C++ get method - returning by value or by reference

I've go a very simple question, but unfortunately I can't figure the answer myself.

Suppose I've got some data structure that holds settings and acts like a settings map. I have a GetValue(const std::string& name) method, that returns the corresponding value.

Now I'm trying to figure out - what kind of return-value approach would be better. The obvious one means making my method act like

std::string GetValue(co开发者_运维百科nst std::string& name) const

and return a copy of the object and rely on RVO in performance meanings.

The other one would mean making two methods

std::string& GetValue(...)
const std::string& GetValue(...) const

which generally means duplicating code or using some evil constant casts to use one of these routines twice.

#Q

What would be your choice in this kind of situation and why?

Actually I would probably use:

std::string GetValue(const std::string& name) const;
// or
const std::string* GetValue(const std::string& name) const;

void SetValue(std::string name, std::string value);

Setter first:

• Passing by value in SetValue allows the compiler some optimizations that cannot be made with pass by const-reference, it's been explained in a article by Dave Abrahams, "Want Speed? Pass by Value."
• Using a Setter is usually better, because you can check the value being set whereas with a plain reference you have no guarantee that the caller won't do anything stupid with the data.

For the getter:

• Returning by copy seems a waste since most times you won't modify the object returned (for a settings map), however pointer or reference do mean that the object aliased will live long enough, if you can't guarantee it then the point is moot: return by value.
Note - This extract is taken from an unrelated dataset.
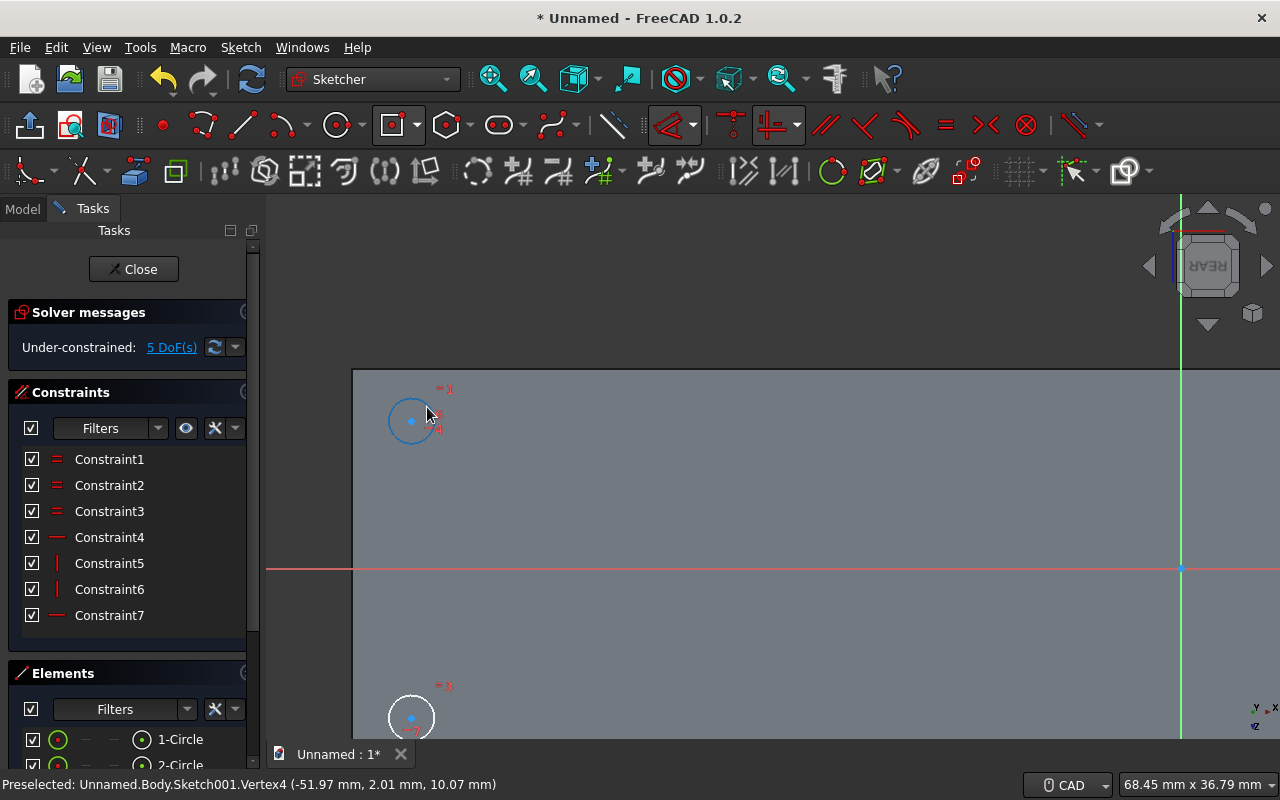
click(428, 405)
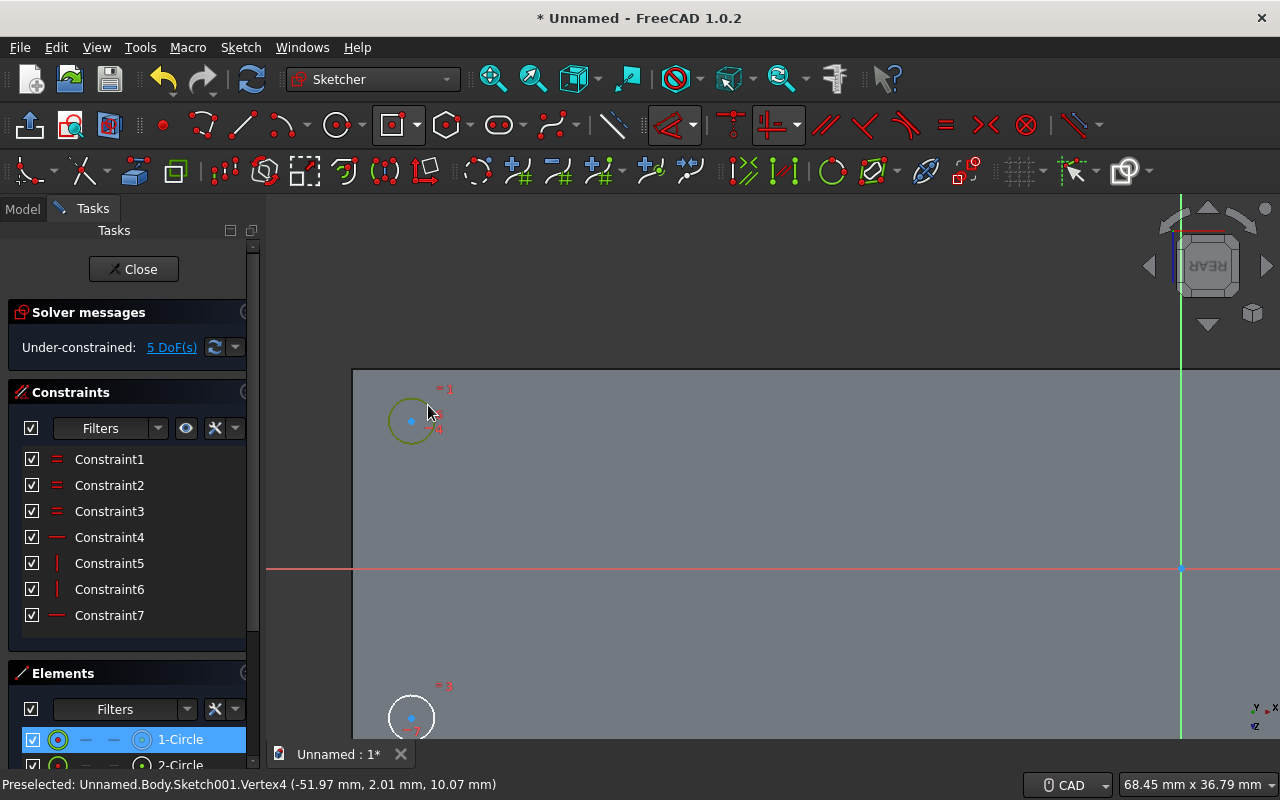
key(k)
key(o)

Also copy allow to avoid exposing an internal detail, for example if you were suddenly to switch to std::wstring because you need some settings in UTF-8...
• If you need performance, then you are ready to do some concessions in this department. However a reference does not allow you to signal the absence of the property (unless you have some magic value) while the pointer makes it easy (NULL is already cut out for you).

That depends on the usage. Should GetValue("foo") = "bar" make sense? In that case, return by value does not do what you want.
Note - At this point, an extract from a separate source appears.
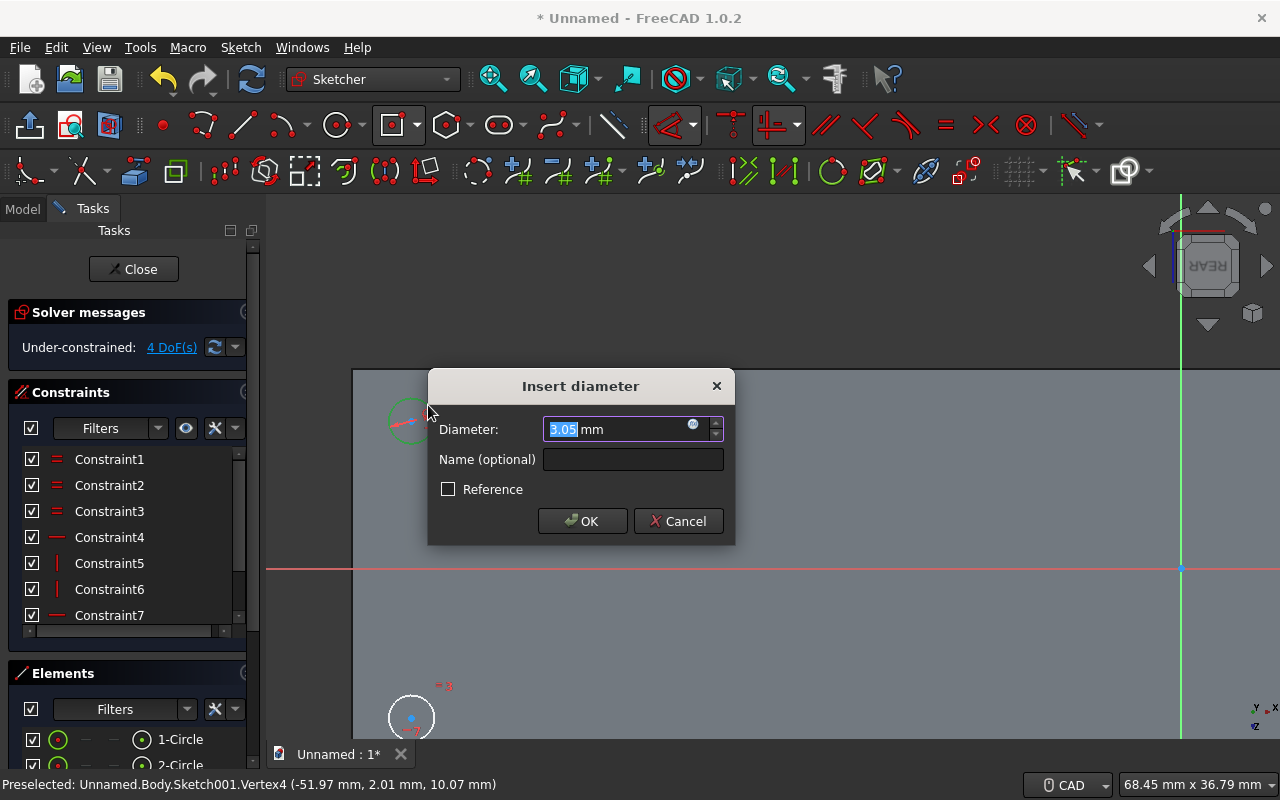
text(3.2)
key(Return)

If you can return by const reference, do. The only reason to return a memory-managing class like std::string by value is because it's a temporary string.

This is a very "sensitive" point of C++. IMHO it's one of the weakest points of C++ design. AFAIK there's no really good choice, which will be both look and perform good.

One point that should be mentioned that RVO optimization usually does only a part of the job. Without it a typical expression like this:

std::string txt = GetValue("...");

will actually produce 2 copies! Depends on the compiler, but usually RVO optimization eliminates just one copy, however the other is still there.

I'm adding this answer to avoid future readers who are less experienced with C++ from writing code that produces undefined behaviour.

The question doesn't specify whether the class that the Getter function belong to stores a copy of the value to be returned.

Let us deal with the return by value case first. This is the option you would normally choose.

std::string GetValue(const std::string& name) const

This is valid C++ and does not produce undefined behaviour.

The OP didn't specify how the return value is produced. It might be something like this:

std::string GetValue(const std::string& name) const
{
    std::string temporary = function_of_name(name);
    // for example:
    // std::string temporary = "Hello " + name + "!";
    return temporary;
}

In the above example, a temporary object is created inside the scope of GetValue. At the end of function scope it is returned, by value, which means that either a copy of the object is made, or more likely the compiler performs return value optimization (RVO) (pre and post C++ 11) and the copy is "optimized out" or "elided".

Please do not confuse this with modern C++ 11 and later "move semantics". This is a different but related concept. RVO existed before move semantics, and most good C++ 03 compilers will perform RVO.

The point being that returning any kind of reference here for example std::string& produces undefined behaviour, because the object goes out of scope at the end of the function body and the returned reference is now pointing to something that has been deleted/removed from memory. (A reference is just a pointer with extra syntactic sugar applied.)

Second Case

If the class stores a copy of the object to be returned then returning a reference is a valid thing to do. However it is not likely to be much faster than the first RVO case.

I can expand on this to add more detail later if necessary, but hopefully it is now clear why this is the case.